Summer: A Spiritual Autobiography of the Season
Silence is rapidly becoming eligible of being listed as an endangered species today. Everything seems to ring or ding or whistle at us. It's impossible to get away from the siren calls of mobile phones, and I don't even have one. It's getting harder and harder to walk through a parking lot without having some vehicle warning us to back off, or else. Restaurants now seem to be designed to magnify noise, forcing patrons to shout at someone sitting across the table, just a few feet away.
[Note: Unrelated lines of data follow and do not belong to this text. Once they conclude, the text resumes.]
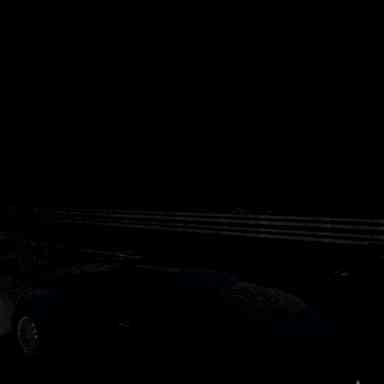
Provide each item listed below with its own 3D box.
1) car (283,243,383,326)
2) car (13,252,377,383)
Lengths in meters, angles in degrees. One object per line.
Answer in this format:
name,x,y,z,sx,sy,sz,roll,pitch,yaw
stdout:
car,3.278,1.605,5.951,4.718,1.301,1.895,0,0,35
car,-0.421,1.544,4.287,4.674,1.442,1.812,-1,0,35
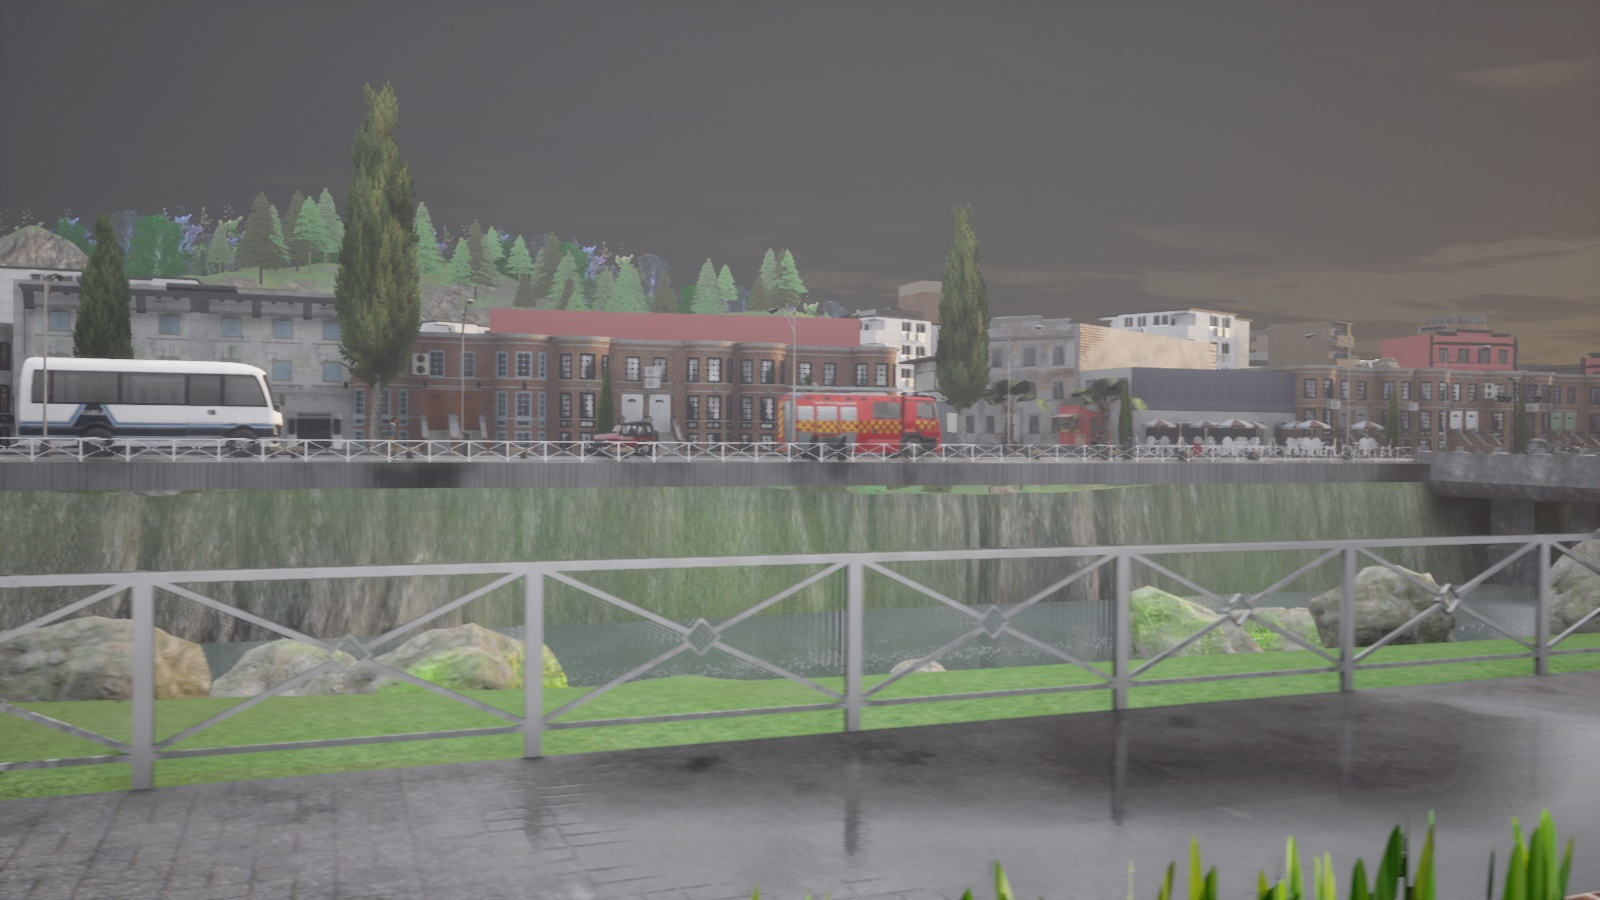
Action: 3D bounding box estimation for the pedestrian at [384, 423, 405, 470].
[{"bbox_3d":[-16.785,-0.156,51.955,0.788,1.949,0.423,-1,1,-16],"label":"pedestrian"}]

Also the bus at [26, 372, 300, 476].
[{"bbox_3d":[-27.494,-1.176,54.988,10.273,4.253,3.944,-1,1,-21],"label":"bus"}]

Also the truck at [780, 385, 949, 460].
[{"bbox_3d":[3.449,-1.490,66.748,8.468,3.827,2.891,-1,1,-21],"label":"truck"}]

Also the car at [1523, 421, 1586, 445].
[{"bbox_3d":[50.952,-1.154,84.813,3.705,1.549,1.789,-1,1,-21],"label":"car"}]

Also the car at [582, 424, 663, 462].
[{"bbox_3d":[-9.373,-0.381,66.165,3.866,1.878,1.905,-1,1,-21],"label":"car"}]
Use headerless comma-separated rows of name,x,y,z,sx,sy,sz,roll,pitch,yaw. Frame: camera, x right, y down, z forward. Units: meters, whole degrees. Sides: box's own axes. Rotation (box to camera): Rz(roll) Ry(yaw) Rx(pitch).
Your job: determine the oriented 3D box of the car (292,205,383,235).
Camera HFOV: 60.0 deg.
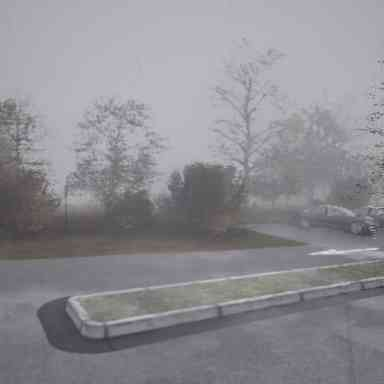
car,8.476,1.574,19.897,4.892,1.521,2.231,2,0,41

But what's truly frightening is that I know people who don't like to leave the city because it's too quiet out there. Isaac Asimov wrote a novel, Caves of Steel, in which people now lived in huge cities that were covered over. They never saw the sky, All lighting was artificial. As a consequence the population was agoraphobic, afraid to enter a large open space. Are we becoming afraid of silence today? Are we becoming afraid of being alone with only our own thoughts and nothing to distract us?
Saturday, August 25, 2012
Barbara Hurd: from "Refugium," Pt 1
Barbara Hurd has some interesting thoughts on retreats or refuges, a place to get away from it all so that we can get a better look at ourselves and the world around us, free from noise or distractions. Some retreats last only a short time: a few hours perhaps, while others may go on for a weekend or even a week or two. Sometimes though, a retreat may go on indefinitely. Michael is a friend of hers who is busy "dismantling his identity as a artist living by the edge of a swamp."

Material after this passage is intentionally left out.